The loss, excluding some items, was $1.06 a share, the company said in a letter to investors posted on its website Wednesday. The average estimate in a Bloomberg survey of 17 analysts was for a loss of 60 cents a share. The stock fell less than 1 percent in aftermarket trading to $225.60.
Investors were comforted by Chief Executive Officer Elon Musk’s confidence that the company will hit its sales targets and that the new Model 3, Tesla’s $35,000 sedan, will go on sale next year. The 50,000 forecast for second-half deliveries exceeded the average of 48,300 estimated by three analysts. Just as importantly, Tesla said it remains committed to producing 500,000 vehicles in 2018.
“The key is that Tesla reiterated 500,000 vehicles in 2018,” said Charlie Anderson, an analyst at Dougherty & Co. “They spent more money, which is why EPS was down. But the spending was on R&D. This is a company that is continuing to invest in the future.”
Tesla has had an intense past few months as it moves toward a $2.6 billion acquisition of solar-panel installer SolarCity Corp. U.S. safety regulators are investigating a fatal Florida crash in May that involved Tesla’s Autopilot driver-assistance features.
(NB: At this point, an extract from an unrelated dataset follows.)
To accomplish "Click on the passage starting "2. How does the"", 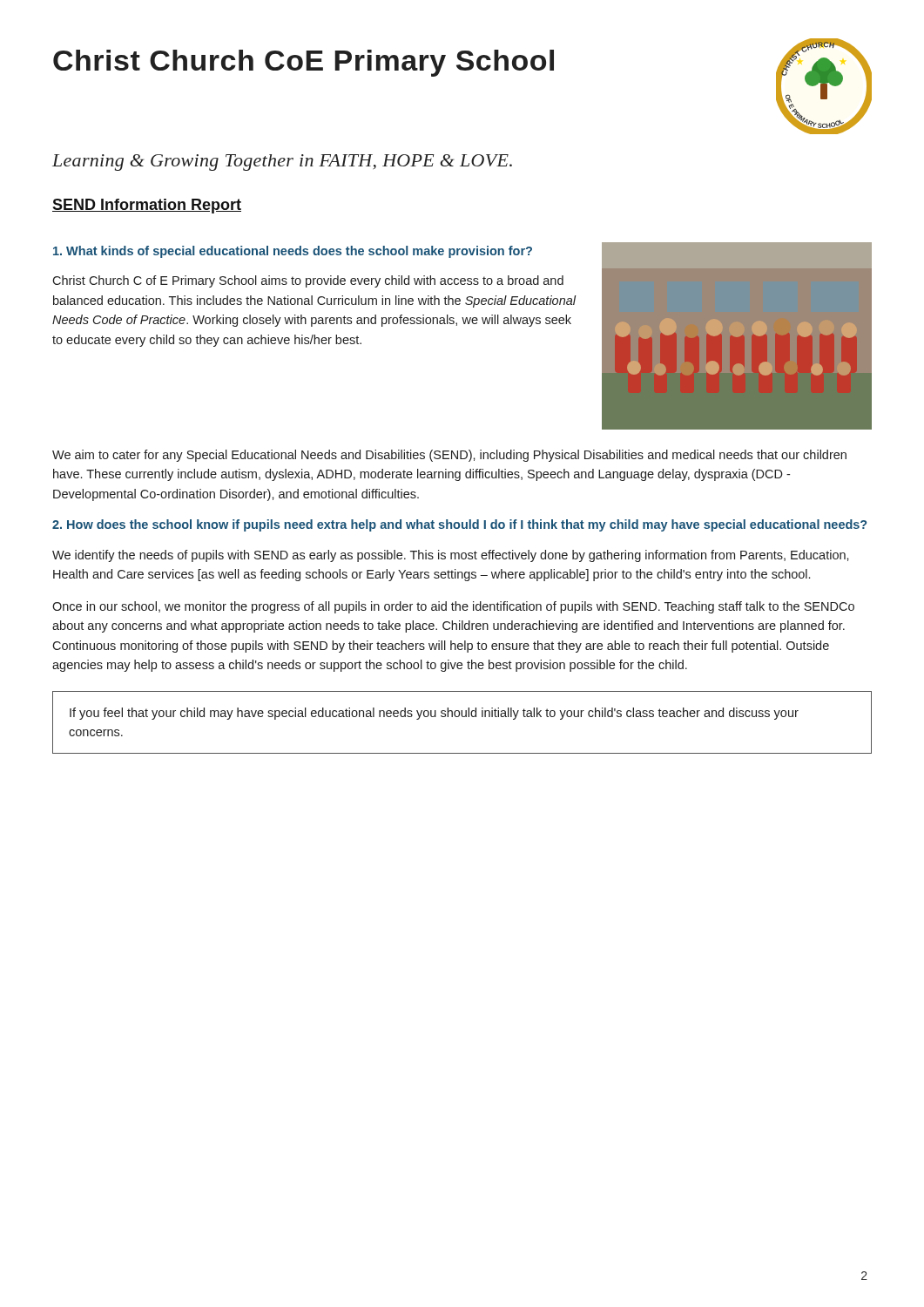I will coord(462,525).
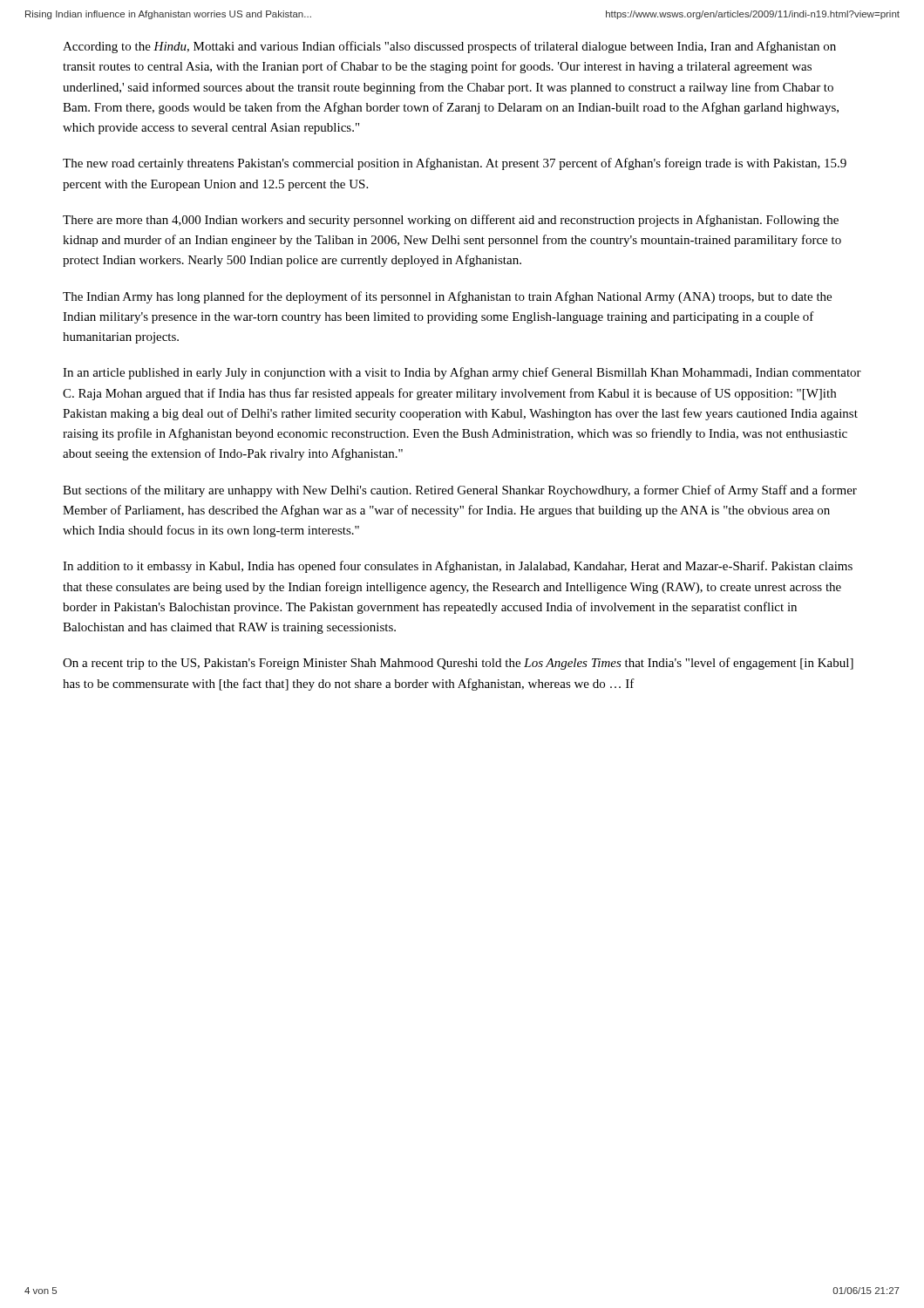Point to the block beginning "On a recent"
This screenshot has height=1308, width=924.
pyautogui.click(x=458, y=673)

And last week, it celebrated the official opening of its Gigafactory near Reno, Nevada, where battery-cell production is slated to begin in the fourth quarter.
The automaker said that it has completed the design for the Model 3 and that the gigafactory remains on target to support volume production of the Model 3 in late 2017.
Musk said cash flow improved in the quarter, even as the automaker worked to complete the Model 3’s engineering. The company reported negative cash flow of $144.4 million, better than the $309.6 million analysts had predicted.
The somewhat muted stock reaction immediately after the earnings release is “another lesson that Tesla’s stock doesn’t trade over earnings per share," said Ben Kallo, an analyst with Robert W. Baird. "Automotive gross margin improved, and the commentary about demand helps with the stock as well."